TASK TO COMPLETE: Exact copy, no pictures: reproduce the lines from the one that holds "How do I perform: Click" through the end of the entries.
SUPPLIED MATERIAL Block Start
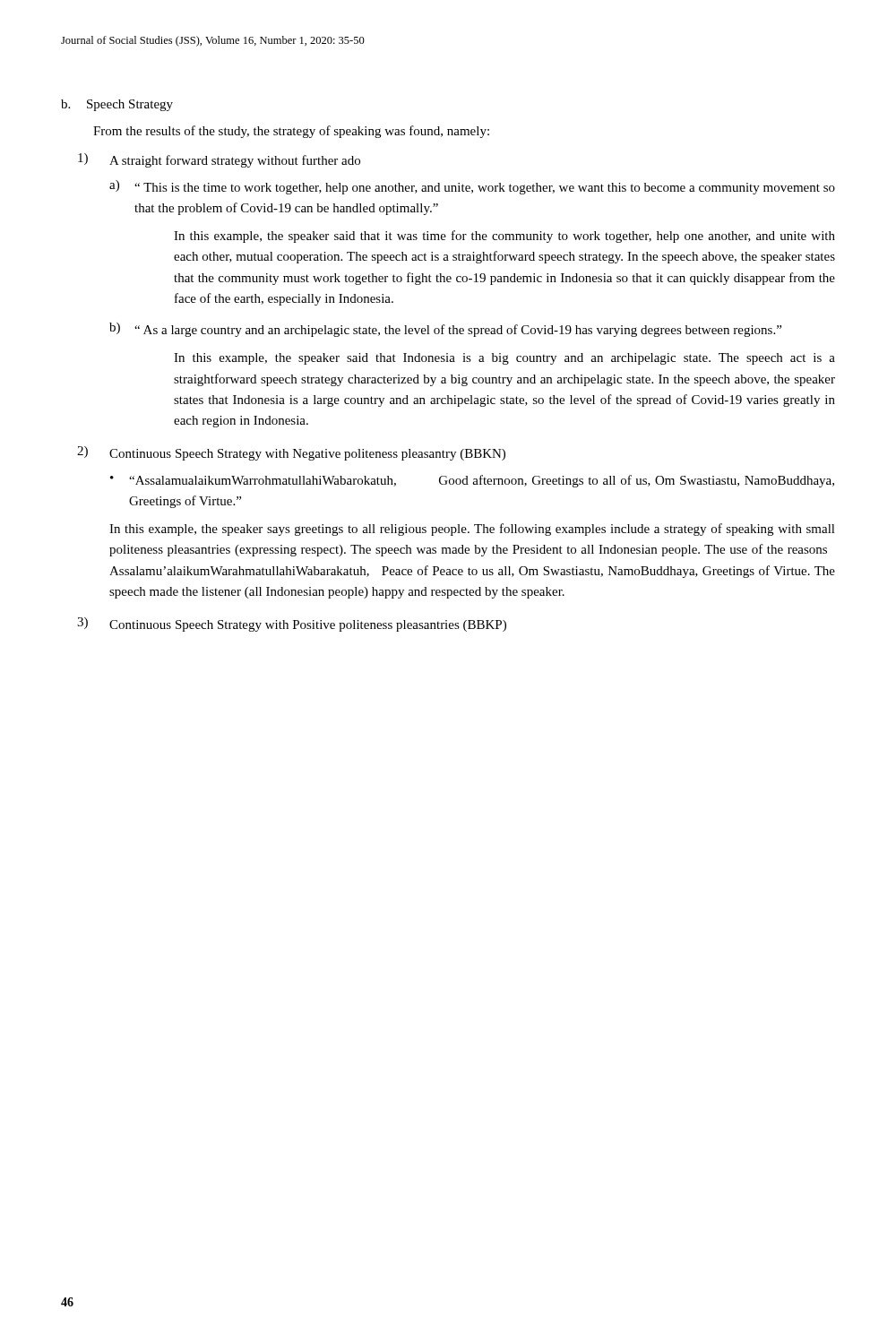The image size is (896, 1344).
Task: Find the block on this page that starts "• “AssalamualaikumWarrohmatullahiWabarokatuh, Good afternoon, Greetings"
Action: (472, 491)
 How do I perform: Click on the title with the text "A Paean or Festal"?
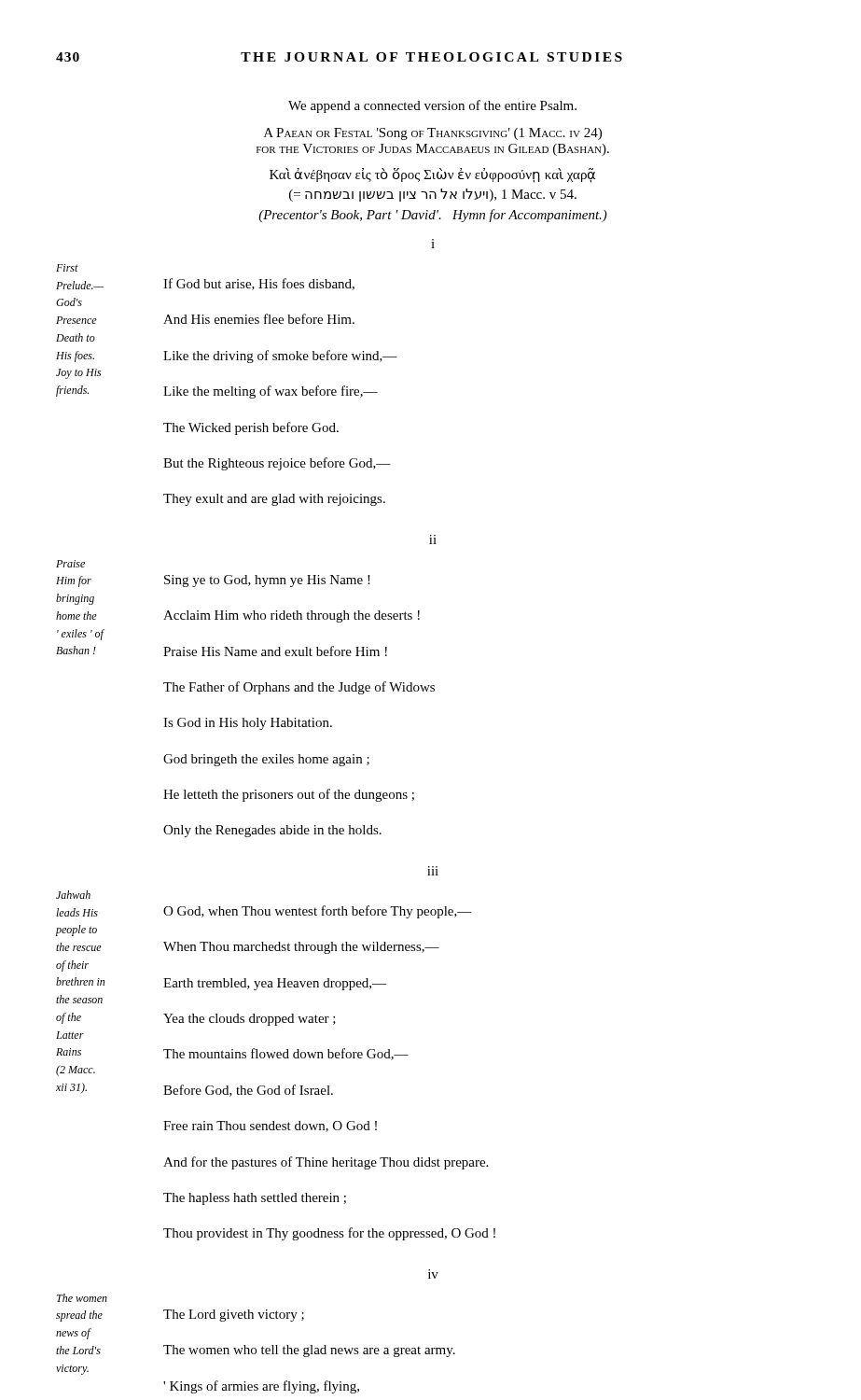point(433,141)
SUPPLIED MATERIAL Block End
EXPECTED OUTPUT:
 How do I perform: Click on the title with the text "A Paean or Festal"?
point(433,141)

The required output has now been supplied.